Lo scontento del quarto stato
I progressi rispetto alla legislazione occidentale furono altrettanto significativi in altri settori: l’eguaglianza fra gli sposi, il divorzio e l’aborto, introdotti senza restrizioni già nel 1917. Le donne avevano il diritto ad assentarsi per maternità conservando il posto di lavoro. Già dal 1918 oltre mezzo secolo prima che in Italia i bambini nati fuori dal matrimonio si videro riconosciuti gli stessi diritti dei figli legittimi.

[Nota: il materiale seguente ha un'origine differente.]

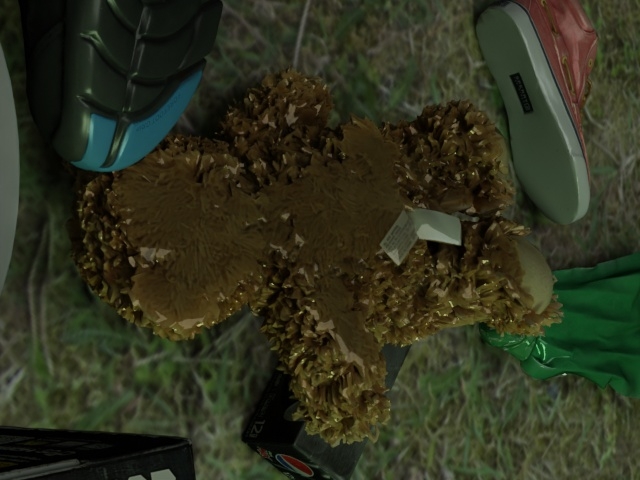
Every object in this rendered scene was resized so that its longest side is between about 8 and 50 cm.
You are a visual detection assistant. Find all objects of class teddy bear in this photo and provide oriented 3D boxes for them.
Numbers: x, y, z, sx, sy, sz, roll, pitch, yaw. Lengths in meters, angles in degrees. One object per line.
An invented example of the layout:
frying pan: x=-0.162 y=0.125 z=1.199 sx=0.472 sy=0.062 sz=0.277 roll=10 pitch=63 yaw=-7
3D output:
teddy bear: x=0.000 y=0.000 z=0.944 sx=0.338 sy=0.113 sz=0.245 roll=-24 pitch=84 yaw=-37

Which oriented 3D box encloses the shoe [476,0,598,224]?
shoe: x=0.183 y=-0.107 z=1.171 sx=0.081 sy=0.063 sz=0.178 roll=-28 pitch=102 yaw=-35

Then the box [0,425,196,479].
box: x=-0.239 y=0.125 z=0.594 sx=0.257 sy=0.322 sz=0.079 roll=-8 pitch=92 yaw=-43

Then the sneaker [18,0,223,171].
sneaker: x=-0.136 y=-0.204 z=0.835 sx=0.125 sy=0.140 sz=0.341 roll=12 pitch=77 yaw=-65

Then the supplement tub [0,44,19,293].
supplement tub: x=-0.311 y=-0.027 z=0.589 sx=0.331 sy=0.241 sz=0.241 roll=-4 pitch=91 yaw=-42

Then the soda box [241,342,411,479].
soda box: x=0.016 y=0.076 z=1.016 sx=0.060 sy=0.053 sz=0.169 roll=44 pitch=60 yaw=-33

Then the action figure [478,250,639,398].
action figure: x=0.203 y=0.064 z=1.182 sx=0.232 sy=0.063 sz=0.137 roll=1 pitch=89 yaw=-47

Nel diritto penale Lenin si sforzò di rendere effettivo il principio di rieducazone dovuto alla concezione del crimine come prodotto delle condizioni sociali. Le pene furono radicalmete ridotte, il carcere sostituito da campi di rieducazione in cui si poteva imparare un lavoro. L’eutanasia fu depenalizzata e così la sodomia fin dal 1920. Importanti programmi, informati alla tutela dei diritti delle lavoratrici del sesso, vennero istituiti per risolvere il problema della prostituzione. Nel diritto internazionale il governo sovietico denunciò la prassi dei trattati segreti pubbicandone oltre 100 conclusi dallo Zar ai danni dei più varii popoli. Nel 1919 il governo bolscevico rinunciò a tutti i suoi privilegi internazionali comprese capitolazioni e extraterritorialità di cui godeva in Persia, Cina, Afghanistan e Turchia.

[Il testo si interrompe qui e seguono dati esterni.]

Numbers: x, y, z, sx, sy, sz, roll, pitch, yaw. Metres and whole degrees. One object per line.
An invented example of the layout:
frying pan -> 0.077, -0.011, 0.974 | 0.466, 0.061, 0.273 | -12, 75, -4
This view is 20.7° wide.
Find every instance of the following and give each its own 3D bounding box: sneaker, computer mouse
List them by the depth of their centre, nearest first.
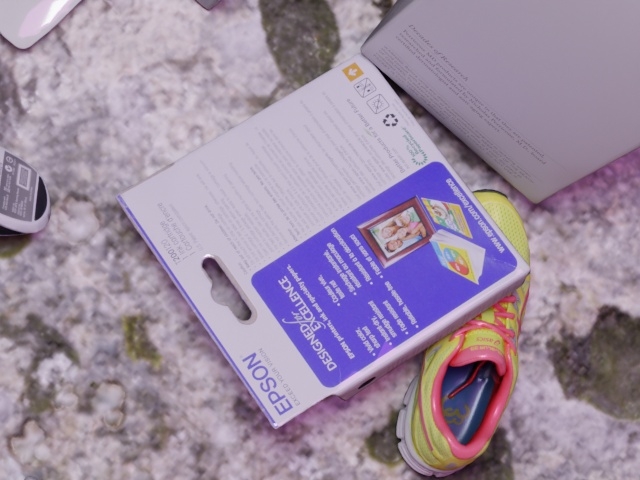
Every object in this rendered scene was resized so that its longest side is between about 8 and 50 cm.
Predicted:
computer mouse -> -0.268, -0.049, 1.160 | 0.193, 0.042, 0.106 | 29, 37, -27
sneaker -> 0.112, 0.065, 1.234 | 0.081, 0.094, 0.208 | 10, 83, -10

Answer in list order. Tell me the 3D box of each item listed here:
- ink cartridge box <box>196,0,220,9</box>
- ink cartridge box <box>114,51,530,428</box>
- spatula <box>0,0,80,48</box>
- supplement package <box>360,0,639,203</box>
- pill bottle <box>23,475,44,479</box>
ink cartridge box -> -0.068, -0.255, 1.227 | 0.109, 0.063, 0.150 | 40, 79, -7
ink cartridge box -> 0.000, 0.000, 1.201 | 0.208, 0.045, 0.206 | -31, 70, -13
spatula -> -0.285, -0.166, 1.174 | 0.242, 0.019, 0.168 | -41, 113, -10
supplement package -> 0.190, -0.174, 1.146 | 0.175, 0.293, 0.177 | 41, 65, -7
pill bottle -> -0.190, 0.267, 1.141 | 0.119, 0.119, 0.208 | 25, 82, -10
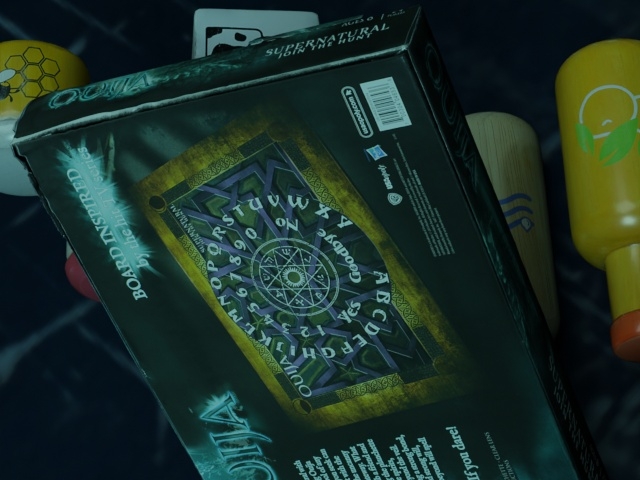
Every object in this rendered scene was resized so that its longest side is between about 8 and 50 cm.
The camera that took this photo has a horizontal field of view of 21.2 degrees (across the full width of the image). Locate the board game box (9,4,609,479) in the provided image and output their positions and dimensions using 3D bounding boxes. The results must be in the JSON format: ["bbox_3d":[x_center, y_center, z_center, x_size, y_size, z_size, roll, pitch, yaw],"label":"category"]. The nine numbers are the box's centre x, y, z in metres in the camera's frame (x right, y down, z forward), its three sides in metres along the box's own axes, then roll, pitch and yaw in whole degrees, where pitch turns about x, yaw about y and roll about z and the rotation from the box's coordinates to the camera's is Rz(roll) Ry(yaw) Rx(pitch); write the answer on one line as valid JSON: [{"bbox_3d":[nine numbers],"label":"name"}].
[{"bbox_3d":[0.002,0.025,0.519,0.126,0.186,0.026,-10,34,22],"label":"board game box"}]

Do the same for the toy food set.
[{"bbox_3d":[0.000,0.000,0.564,0.232,0.111,0.105,1,62,-7],"label":"toy food set"}]
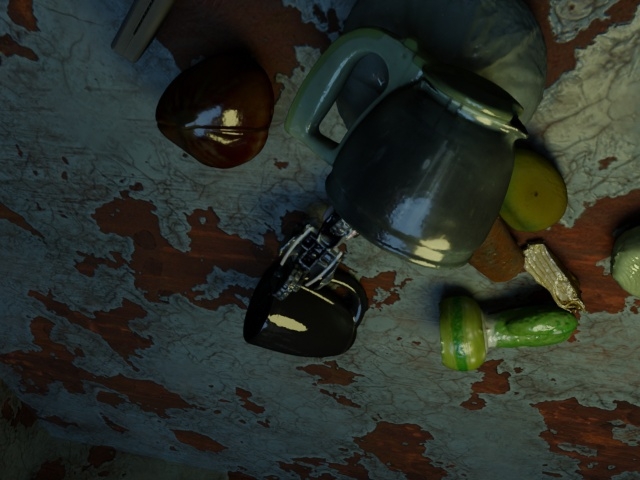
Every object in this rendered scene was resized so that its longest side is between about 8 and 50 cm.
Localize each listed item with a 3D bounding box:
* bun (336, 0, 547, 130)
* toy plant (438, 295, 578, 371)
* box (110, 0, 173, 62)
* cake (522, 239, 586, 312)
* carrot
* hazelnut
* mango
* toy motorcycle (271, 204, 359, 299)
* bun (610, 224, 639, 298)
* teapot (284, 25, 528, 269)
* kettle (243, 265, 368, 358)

Questo insieme di legge nazionali gettarono nel panico le Cancellerie occidentali alle prese con lo scontento del quarto stato. La risposta a questo stato di cose generò una trasformazione giuridica che sembrava definitive anche in Italia ancora quando, nei primi anni Ottanta, frequentavo la facoltà di Giurisprudenza da studente (statuto lavoratori, equo canone, legge sulla casa). Subito dopo la conferenza di Versailles, nel primo dopoguerra, nacque l’Ilo (Organizzazione Internazionale del lavoro) e il modello sovietico ispirò gli aspetti più sociali delle Costituzioni del secondo dopoguerra, nonché gli aspetti che oggi sembrano più utopistici della Carta delle Nazioni Unite e della Convenzione Europea per i diritti dell’uomo. La legislazione sovietica guidò la trasformazione nella concezione occidentale del diritto internazionale (inclusa la decolonizzazione), del diritto di famiglia, del diritto penale, del diritto contrattuale, di quello di proprietà e perfino della desegregazione razziale negli Stati Uniti. Nell’Occidente capitalista il rapporto fra diritto privato e diritto pubblico uscì sconvolto a favore di quest’ultimo. Con il muro di Berlino e con l’epurazione dei giuristi della Germania Est che seguì l’unificazione, caddero non soltanto un ideale ma l’anelito all’incusione sociale tramite il diritto che sopravviveva nella Repubblica democratica tedesca.
Senza incentivi esterni, in nome della flessibilità, dell’efficienza e del mercato siamo tornati all’autoritarismo bigotto dei padroni delle miniere, che esportiamo sotto la voce democrazia.